S A “rod box failure due to wear” will often have one side of the box worn down until the box fails. Rod guides, which are continuously replaced, may temporarily correct this at the expense of increasing rod stresses and the circumferential area for corrosion (certain rod guides may wipe off inhibitor from a larger area). One solution is to install Spray Metal Alloy boxes, which are less corrosive and “smoother” (reduces friction and wear) and are very hard to wear down. With less friction and tubing rotation, the service life may be substantially improved.
S A “rod body failure due to wear” will often have one side of the rod body worn down until the body fails due to tension, particularly in deviated wells. This is often temporarily corrected or delayed by Rod Guides. This is not as big a problem in relatively straight wells because most wear occurs at the rod box site.
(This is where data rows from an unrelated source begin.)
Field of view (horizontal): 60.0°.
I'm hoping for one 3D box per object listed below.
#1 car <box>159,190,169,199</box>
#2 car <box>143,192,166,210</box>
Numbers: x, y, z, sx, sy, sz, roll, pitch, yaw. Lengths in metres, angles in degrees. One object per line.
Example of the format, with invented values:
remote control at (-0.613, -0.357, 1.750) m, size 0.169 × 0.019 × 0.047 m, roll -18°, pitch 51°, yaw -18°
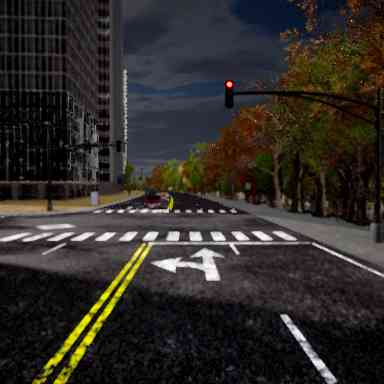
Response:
car at (-5.349, 0.398, 61.307) m, size 2.097 × 1.767 × 4.553 m, roll 0°, pitch 1°, yaw -4°
car at (-3.903, 1.039, 34.037) m, size 1.812 × 1.442 × 4.674 m, roll 0°, pitch 2°, yaw -2°
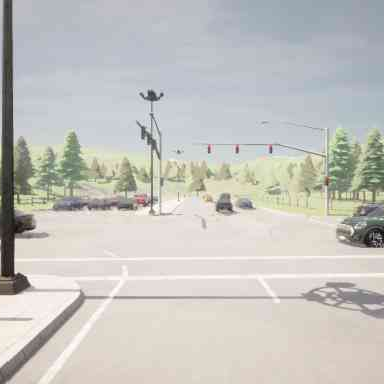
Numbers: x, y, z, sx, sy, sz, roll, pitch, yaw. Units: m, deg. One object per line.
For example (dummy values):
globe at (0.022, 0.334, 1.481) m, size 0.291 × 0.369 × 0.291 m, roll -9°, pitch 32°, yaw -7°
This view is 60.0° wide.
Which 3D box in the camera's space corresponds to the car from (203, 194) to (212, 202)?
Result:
car at (3.676, 1.478, 73.575) m, size 1.882 × 1.535 × 5.008 m, roll 0°, pitch 0°, yaw 1°

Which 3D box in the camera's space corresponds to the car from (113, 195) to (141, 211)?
car at (-8.037, 1.478, 41.734) m, size 1.882 × 1.535 × 5.008 m, roll 0°, pitch 0°, yaw 0°

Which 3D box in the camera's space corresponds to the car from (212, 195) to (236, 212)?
car at (3.628, 1.507, 38.465) m, size 1.837 × 1.490 × 4.892 m, roll 0°, pitch 1°, yaw 0°

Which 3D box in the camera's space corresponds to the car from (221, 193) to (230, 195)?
car at (7.146, 1.225, 71.558) m, size 2.150 × 2.045 × 5.566 m, roll 0°, pitch 0°, yaw 1°

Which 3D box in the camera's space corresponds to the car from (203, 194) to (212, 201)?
car at (3.867, 1.355, 83.996) m, size 2.097 × 1.767 × 4.553 m, roll 0°, pitch 0°, yaw 2°

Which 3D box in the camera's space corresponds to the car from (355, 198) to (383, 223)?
car at (15.043, 1.351, 25.020) m, size 4.553 × 1.767 × 2.097 m, roll 0°, pitch 0°, yaw 3°

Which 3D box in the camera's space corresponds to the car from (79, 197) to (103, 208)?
car at (-15.026, 1.547, 49.824) m, size 2.033 × 1.411 × 5.357 m, roll 0°, pitch 0°, yaw 0°

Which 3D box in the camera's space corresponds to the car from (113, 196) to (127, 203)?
car at (-14.899, 1.499, 69.173) m, size 1.837 × 1.490 × 4.892 m, roll 0°, pitch 0°, yaw 0°

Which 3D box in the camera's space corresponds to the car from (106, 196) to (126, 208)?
car at (-11.523, 1.478, 50.595) m, size 1.882 × 1.535 × 5.008 m, roll 0°, pitch 0°, yaw 0°

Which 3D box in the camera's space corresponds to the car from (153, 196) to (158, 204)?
car at (-7.973, 1.547, 62.007) m, size 2.033 × 1.411 × 5.357 m, roll 0°, pitch 0°, yaw 0°

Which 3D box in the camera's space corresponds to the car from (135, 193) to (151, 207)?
car at (-8.022, 1.221, 51.668) m, size 2.150 × 2.045 × 5.566 m, roll 0°, pitch 0°, yaw 0°

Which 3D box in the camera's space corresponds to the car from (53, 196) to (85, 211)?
car at (-15.044, 1.352, 40.365) m, size 2.097 × 1.767 × 4.553 m, roll 0°, pitch 0°, yaw 0°

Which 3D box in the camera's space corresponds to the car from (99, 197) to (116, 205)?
car at (-14.994, 1.564, 59.062) m, size 1.994 × 1.385 × 4.181 m, roll 0°, pitch 0°, yaw 0°

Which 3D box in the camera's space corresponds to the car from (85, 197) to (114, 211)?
car at (-11.541, 1.564, 41.617) m, size 1.994 × 1.385 × 4.181 m, roll 0°, pitch 0°, yaw 0°

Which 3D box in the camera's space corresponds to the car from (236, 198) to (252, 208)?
car at (7.206, 1.547, 46.789) m, size 2.033 × 1.411 × 5.357 m, roll 0°, pitch 0°, yaw -1°

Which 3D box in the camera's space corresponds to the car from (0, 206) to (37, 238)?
car at (-10.565, 1.477, 16.824) m, size 5.008 × 1.535 × 1.882 m, roll 0°, pitch 0°, yaw -3°

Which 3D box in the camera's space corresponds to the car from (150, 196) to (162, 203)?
car at (-7.870, 1.526, 72.676) m, size 2.033 × 1.411 × 5.357 m, roll 0°, pitch 0°, yaw 0°

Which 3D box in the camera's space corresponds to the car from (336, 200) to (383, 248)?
car at (8.644, 1.352, 14.206) m, size 4.553 × 1.767 × 2.097 m, roll 0°, pitch 0°, yaw -1°
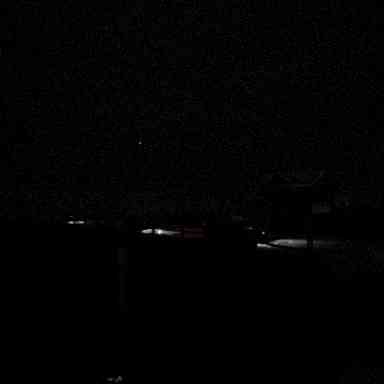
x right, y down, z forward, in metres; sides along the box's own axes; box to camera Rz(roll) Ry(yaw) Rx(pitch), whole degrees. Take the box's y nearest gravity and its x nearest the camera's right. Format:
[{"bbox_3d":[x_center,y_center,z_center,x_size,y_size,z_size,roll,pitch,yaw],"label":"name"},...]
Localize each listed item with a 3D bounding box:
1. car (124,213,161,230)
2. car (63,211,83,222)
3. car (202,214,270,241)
[{"bbox_3d":[-4.487,2.572,29.774,1.994,1.385,4.181,0,-2,-36],"label":"car"},{"bbox_3d":[-17.018,3.417,47.396,1.837,1.490,4.892,0,-3,-35],"label":"car"},{"bbox_3d":[2.500,2.059,20.110,1.812,1.442,4.674,0,-2,-37],"label":"car"}]
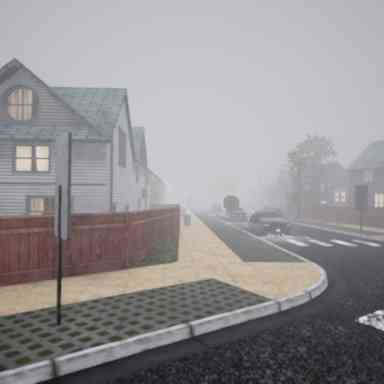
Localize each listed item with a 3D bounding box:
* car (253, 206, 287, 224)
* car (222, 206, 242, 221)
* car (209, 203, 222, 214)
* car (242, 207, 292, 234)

Thus, if the pumping well is properly designed, the prevalent failure mechanism will normally be Wear or Corrosion Due to Wear (often 40 to 80% of the failures). This failure mechanism can be delayed by 400% to 900% by rotating the tubing. Less run time improvement may be expected from the use of the more expensive continuous rotating heads since they could be wiping off the corrosion inhibitors and thereby not helping the “Corrosion Due to Wear” failure mechanism.
SUMMARY
Omega Technologies Inc. provides a Tubing Saver Rotator, patent pending, (TSR) that provides an economical way to substantially reduce the repair costs of pumping wells. By lowering operating costs and reducing production downtime, the economics of each well may be significantly improved, which extends reserve life. The TSR is designed to potentially be a high Rate of Return Investment (40% to 100% for wells failing more often then every 2 years) with minimal complications in the use of the TSR. Even marginal wells can afford the TSR and keep reaping the benefits of lower operating costs and increased yearly production with the proper usage of the TSR. The actual documentation of failure types and causes is recommended to enable proper selection of techniques to improve pumping performances in the oil and gas industry.